The present structure, featuring the Big Six, was left to develop between 1995 and 2002. It provides neither effective competition nor effective regulation [1]. Given that the Conservatives were in power from 1995-97 and Labour from 1997-2002, maybe we should blame both of them? [2]




But what can we do about it? To make things better – or less bad – I have a boring, unexciting suggestion. This is to revert to the retail price regulation and structure that we had for 12-15 years after privatisation.

England and Wales still have retail price regulation for water. In each region, there is one privately-owned, vertically-integrated supplier, one tariff and retail prices are controlled. Can somebody explain why it was such a bright idea to move away from this with energy?

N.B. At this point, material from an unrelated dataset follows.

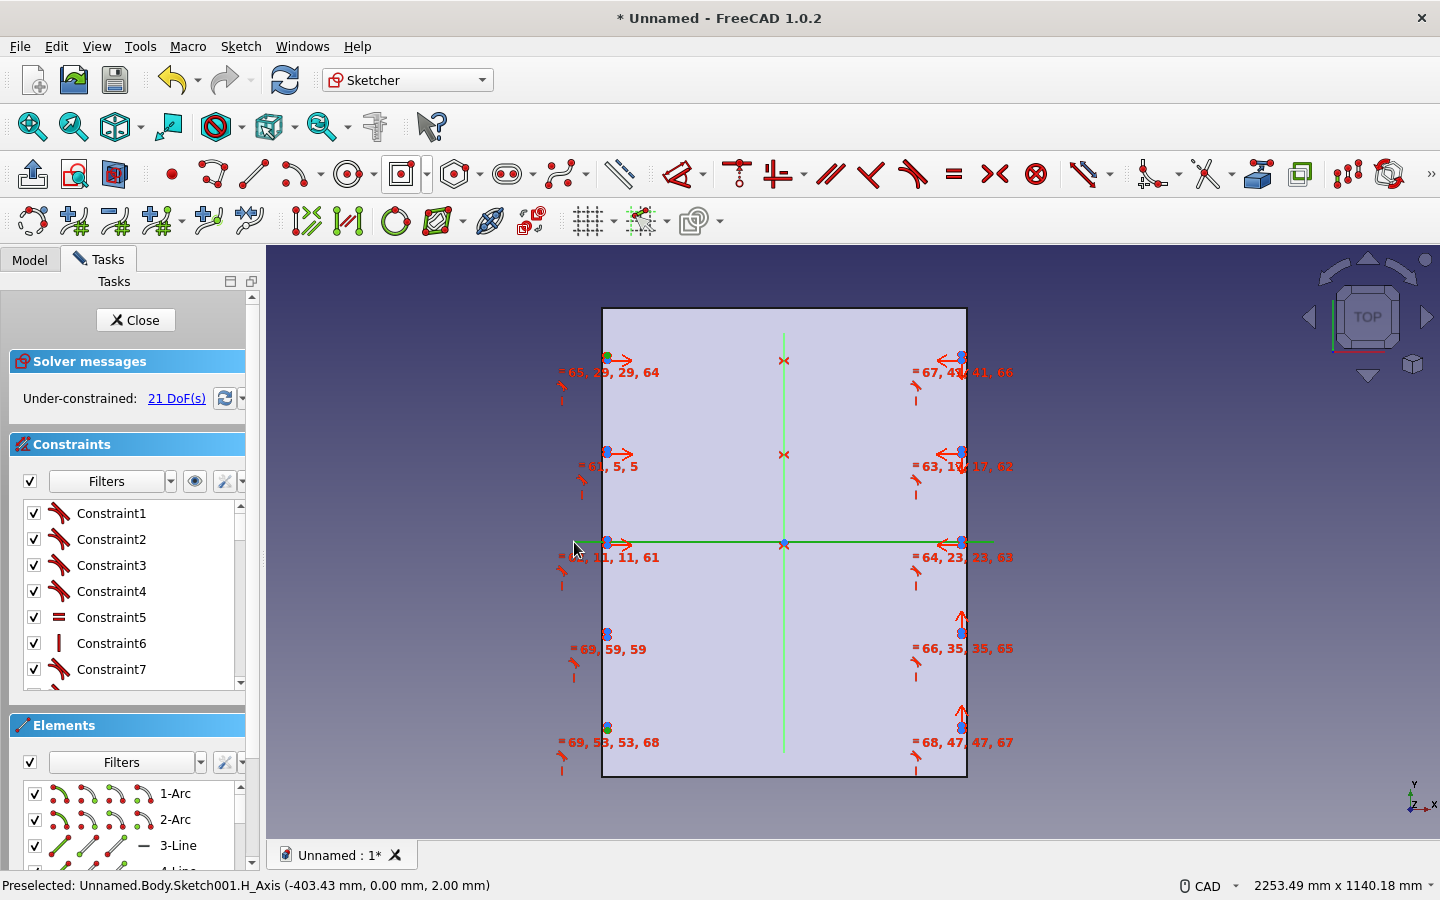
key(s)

Re-regulation would cost nothing. Margins and prices would almost certainly fall from current levels [3]. Better still, if companies again have defined supply areas, the regulator can require each one to invest in ‘negawatts’ on consumers’ premises and to meet specific energy efficiency and CO2 reduction targets. This leads to large savings on bills and large reductions in emissions [4].


‘Foreign’ Utility Regulation


This more interventionist approach typifies utility regulation in California. The most successful tactic that its utility regulator ever devised was to allow private utilities to keep 15% of the extra net profits which they made by investing in ‘negawatts’ instead of in costly new power stations. If such an electricity supplier meets its energy efficiency target, everyone wins in the form of:

  • Lower CO2 emissions for the planet;
  • Higher dividends for shareholders;
  • Lower bills for consumers than if the utility had not invested in energy efficiency [5].


Laissez Faire


Under our laissez faire approach, no energy supplier has a financial incentive to invest in measures which reduce consumption. To meet its legal duty to its shareholders, the only way for an investor-owned, deregulated supplier to behave rationally is to sell more kilowatt-hours [6]. The more that its sales grow, the more CO2 it is set to emit.

More CO2, anyone?





[1] The structure of the industry in the years between privatisation and 1995 reflected an attempt to reduce the scope for market manipulation. The suspected result of the present structure which developed after 1995 is ‘transfer pricing’ within subsidiaries of vertically-integrated companies which seek to understate profits and neutralise outside criticism. See http://blog.abundancegeneration.com/2014/01/the-secret-self-supply-of-britains-big-six-energy-giants/.

There is nothing wrong per se with vertical integration if a system is effectively regulated and/or publicly-owned. Under public ownership, Scotland was vertically-integrated but England and Wales were not. A vertically-integrated utility which succeeds with energy efficiency programmes can delay construction of its own power station(s) rather than incur the cost of re-negotiating contracts with separate generating companies.

[2] The companies which own the gas and electricity transmission and distribution networks are still regulated. But given the pattern of ownership that developed, one doubts whether this is as effective as regulation of the pre-1995 structure.

[3] Generation margins, especially, would be lowered. A more regulated situation tends to reduce business risk, lower the rate of return needed on assets and increase the time horizon over which investments can be paid for.

[4] The author suggested this initiative in LESS IS MORE: Energy Security After Oil, report published by the AECB (February 2012).

[5] Investment in more energy-efficient lighting systems may cost, say 1 to 5 pence per kWh saved. This is less than delivered electricity from new power stations, which may cost 10-15 p/kWh. If the first technology displaces the second, consumers’ bills fall.

[6] No matter what assurances it has given to the government. The Secretary of State for Energy recently pleaded with the big Six to behave differently but seemed unaware that a UK company’s primary legal duty is to its shareholders, not its customers.